# Delinquent FBAR/8938/5471 questions



## pattiwhaley

Hi all 

I've resolved to catch up on FBARs and FATCA and have read stuff until I am nearly blind, but still cannot figure out the answers to several questions. Does anyone else have more certain knowledge on these? 

FBAR: bank accounts, fine, including various charity accounts where I am voluntary treasurer, fine. BUT: 
- should a UK SIPP (self-invested pension plan) be reported here? I have taken one tax-free withdrawal but otherwise I have no current income from this account. It is just a cash account with a small amount of (UK tax exempt) interest, no mutual funds. 
- if I have US investments, via a US broker, in US stocks, all in dollars, I think I do not report these, even though I deal with someone in a UK office. When I get my annual 1099 the FATCA box is not ticked which I think means it does not need to be reported as a non-US account. 
- other UK defined-contribution plans are not reported here, but are reported on the 8938 

SO on the 8938, I would need to report the SIPP and the UK pension funds, but still there is no reportable income here because the US recognizes valid UK pension funds. Correct? i.e., these are not "foreign trusts" or "PFIC" assets, AFAIK. 

Then my partner has a sole-proprietor business and gave me 20% of the company a few years ago. I have faithfully reported the dividends from this company on both my UK and US tax returns. Should I also have filed a 5471? 

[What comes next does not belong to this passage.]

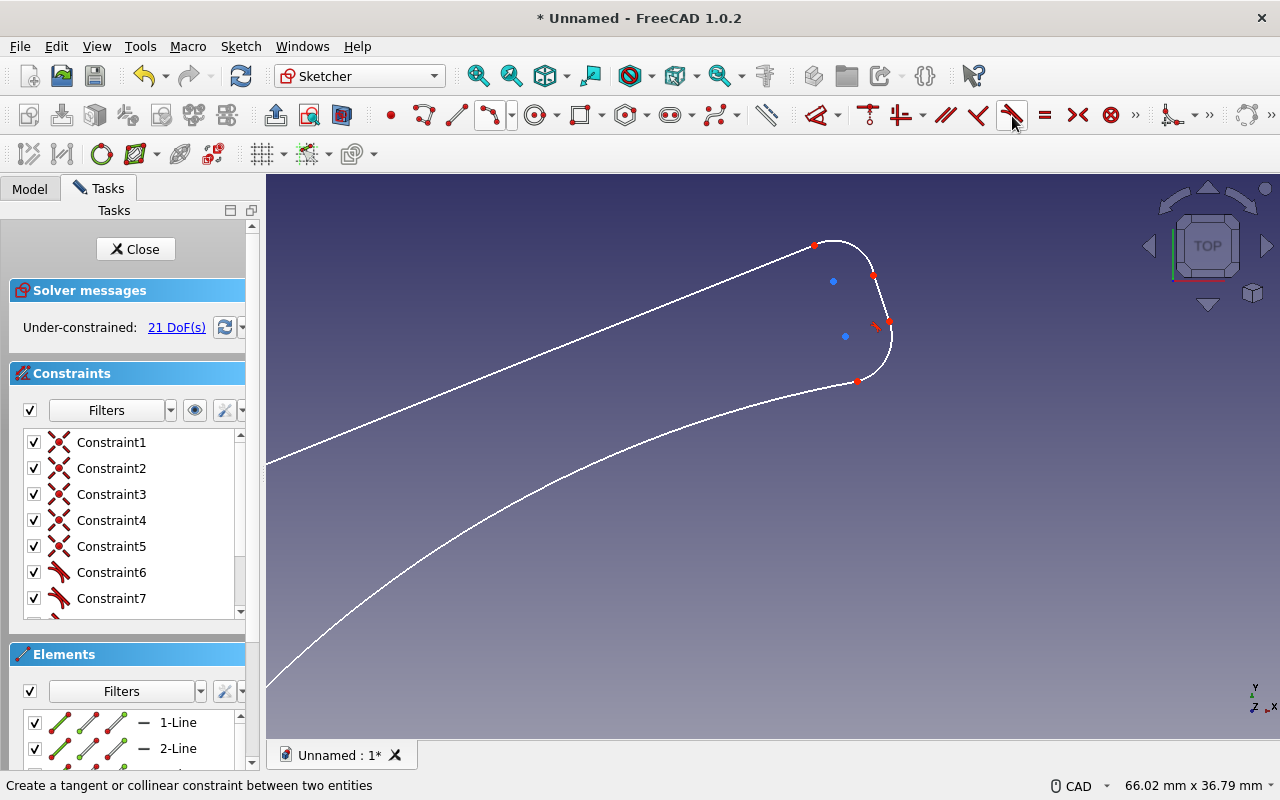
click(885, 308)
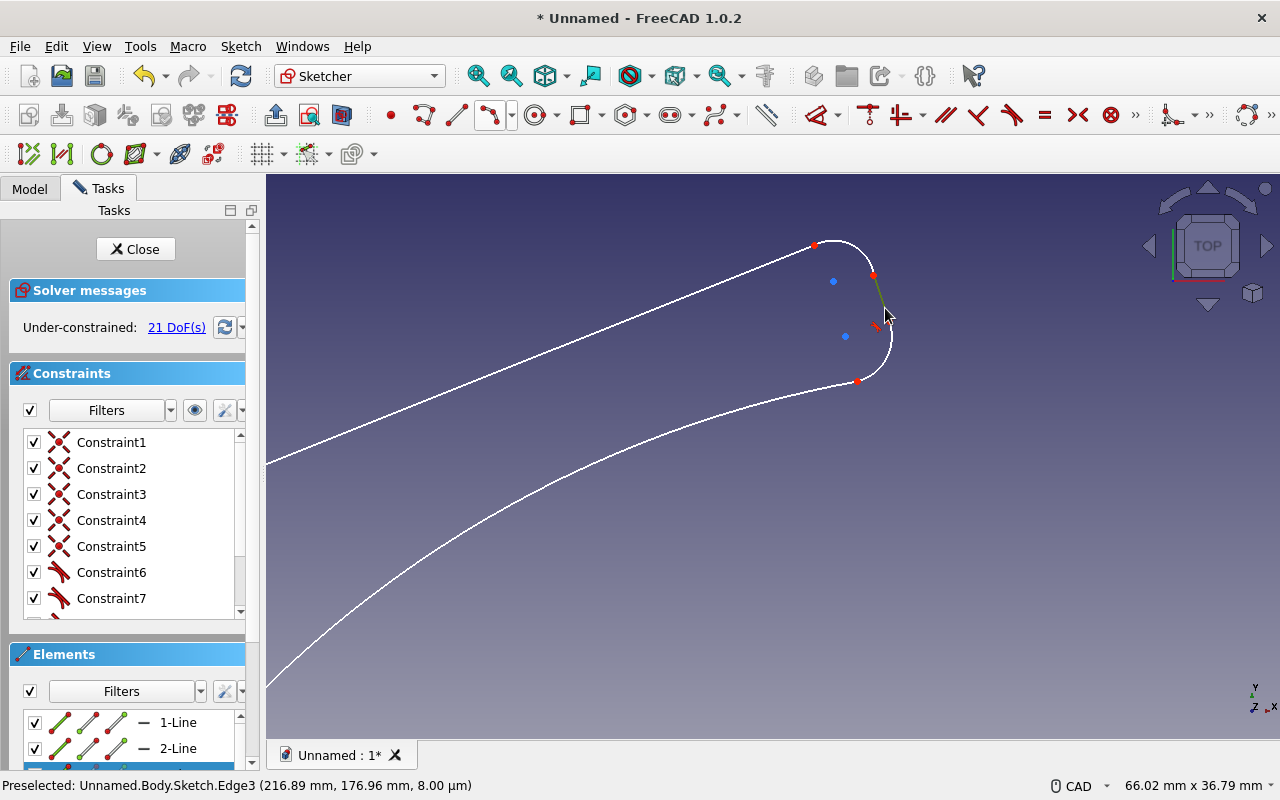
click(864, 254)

AFAIK, I have reported all my income in both countries on both my UK and US tax returns, so I am only short on reporting requirements and do not owe any actual tax. Should I make a formal "streamlined procedure" filing, and do I need legal advice to do that properly? 

hoping for enlightenment and reassurance before I go any further...
Patti


----------



## JustLurking

pattiwhaley said:


> - should a UK SIPP (self-invested pension plan) be reported here? I have taken one tax-free withdrawal but otherwise I have no current income from this account. It is just a cash account with a small amount of (UK tax exempt) interest, no mutual funds.

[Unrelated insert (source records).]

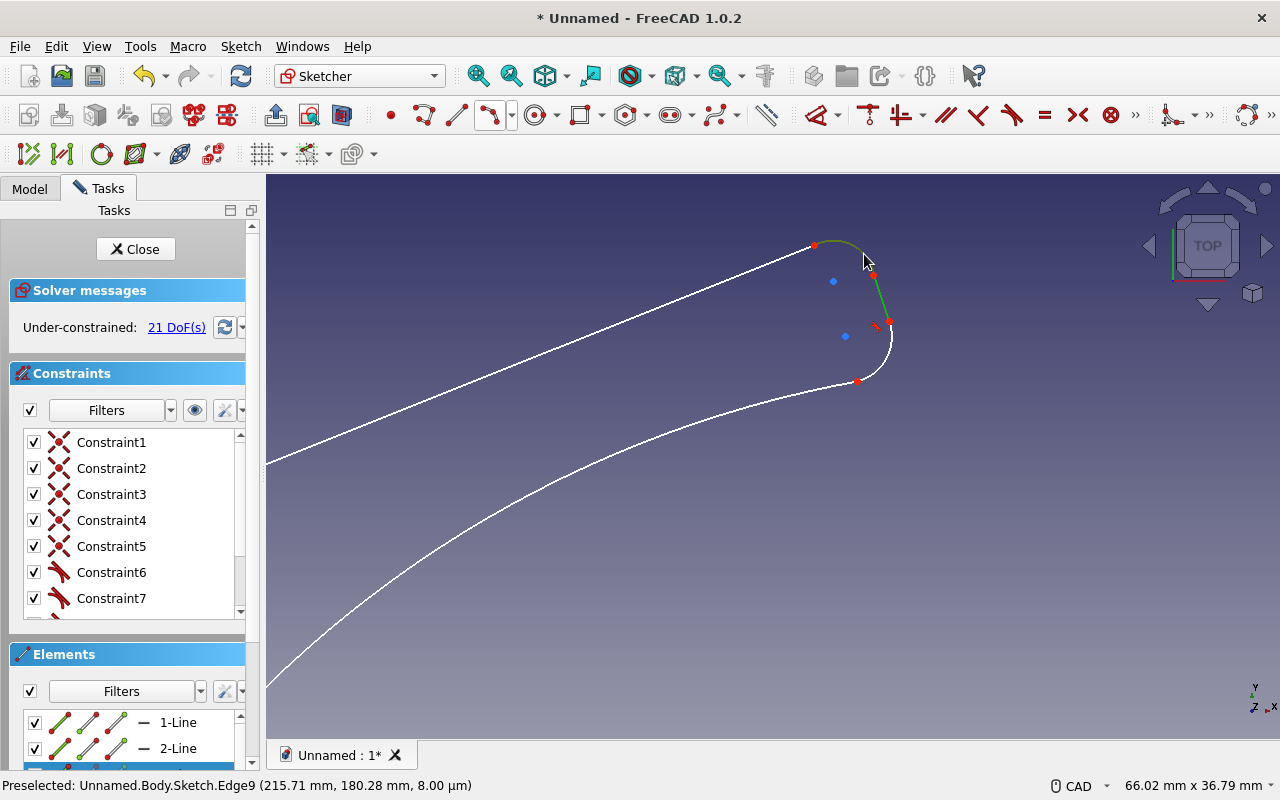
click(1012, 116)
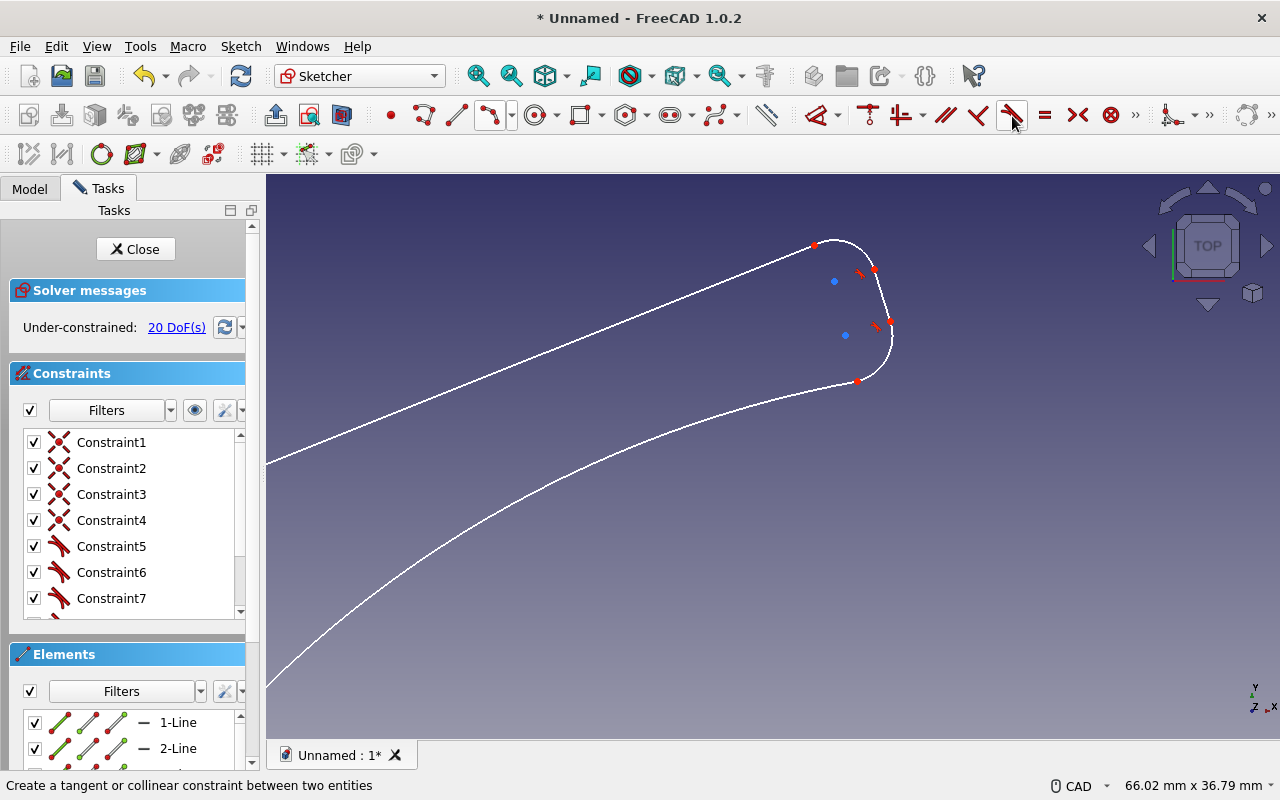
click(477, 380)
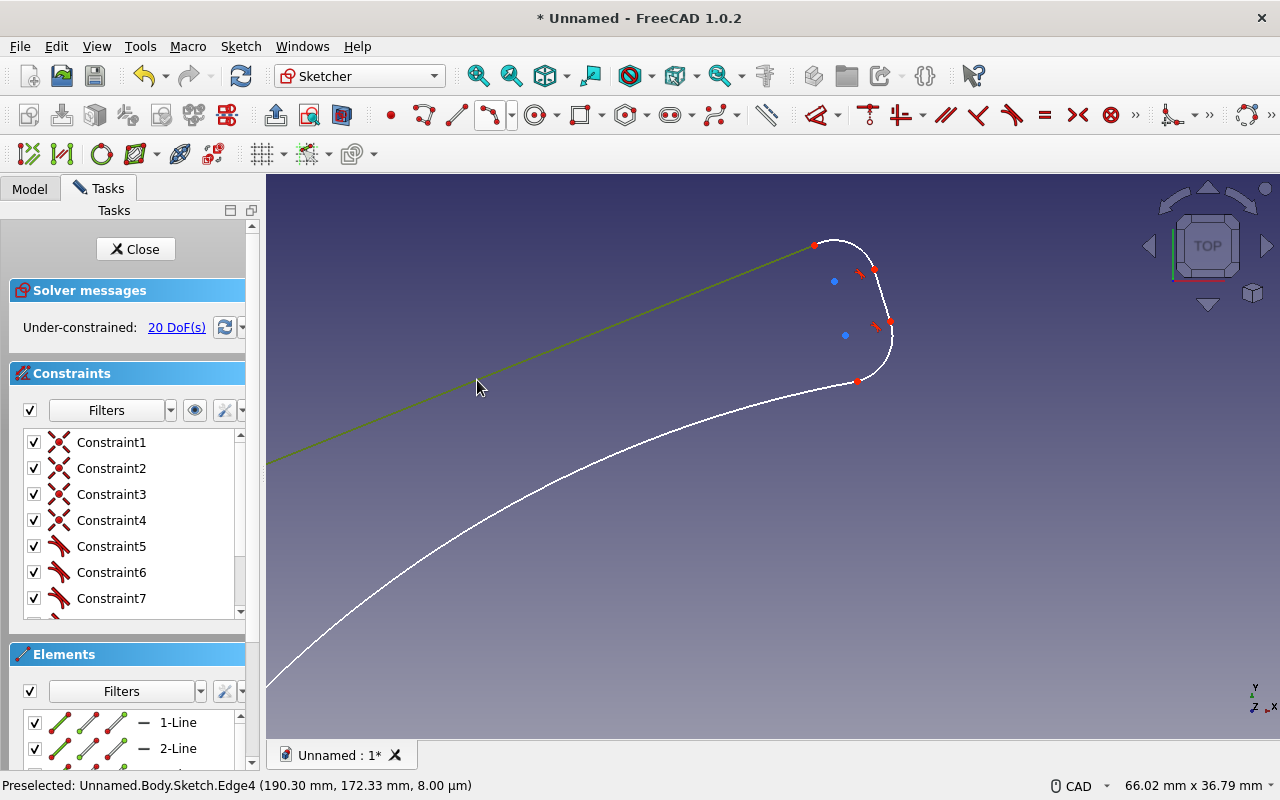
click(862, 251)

You do need to report that, both on the FBAR and FATCA forms (the IRS's motto here is apparently: why do a thing once when twice will suffice?). It is just the balance that goes down. Whether you have taken any income from it over the year is immaterial.

You should be able to find the balance pretty easily, but if not just put in your best estimate. There's no tax calculation here, just an -- arguably pointless, not to mention duplicative -- balance reporting requirement. The IRS publishes a comparison of the two forms here. It is apparently beyond their competence to combine them into one.



pattiwhaley said:


> - if I have US investments, via a US broker, in US stocks, all in dollars, I think I do not report these, even though I deal with someone in a UK office. When I get my annual 1099 the FATCA box is not ticked which I think means it does not need to be reported as a non-US account.


Right. This account is not 'foreign'. (Well, it is to you but not the IRS. They will have received copies of the 1099s also, so they don't have to bother you for details in the same way as for your non-US based investments and pensions.)



pattiwhaley said:


> - other UK defined-contribution plans are not reported here, but are reported on the 8938


Such as an employer group personal pension? That would be the same as a SIPP. Put the balance on both the FBAR and the FATCA forms.



pattiwhaley said:


> SO on the 8938, I would need to report the SIPP and the UK pension funds, but still there is no reportable income here because the US recognizes valid UK pension funds. Correct?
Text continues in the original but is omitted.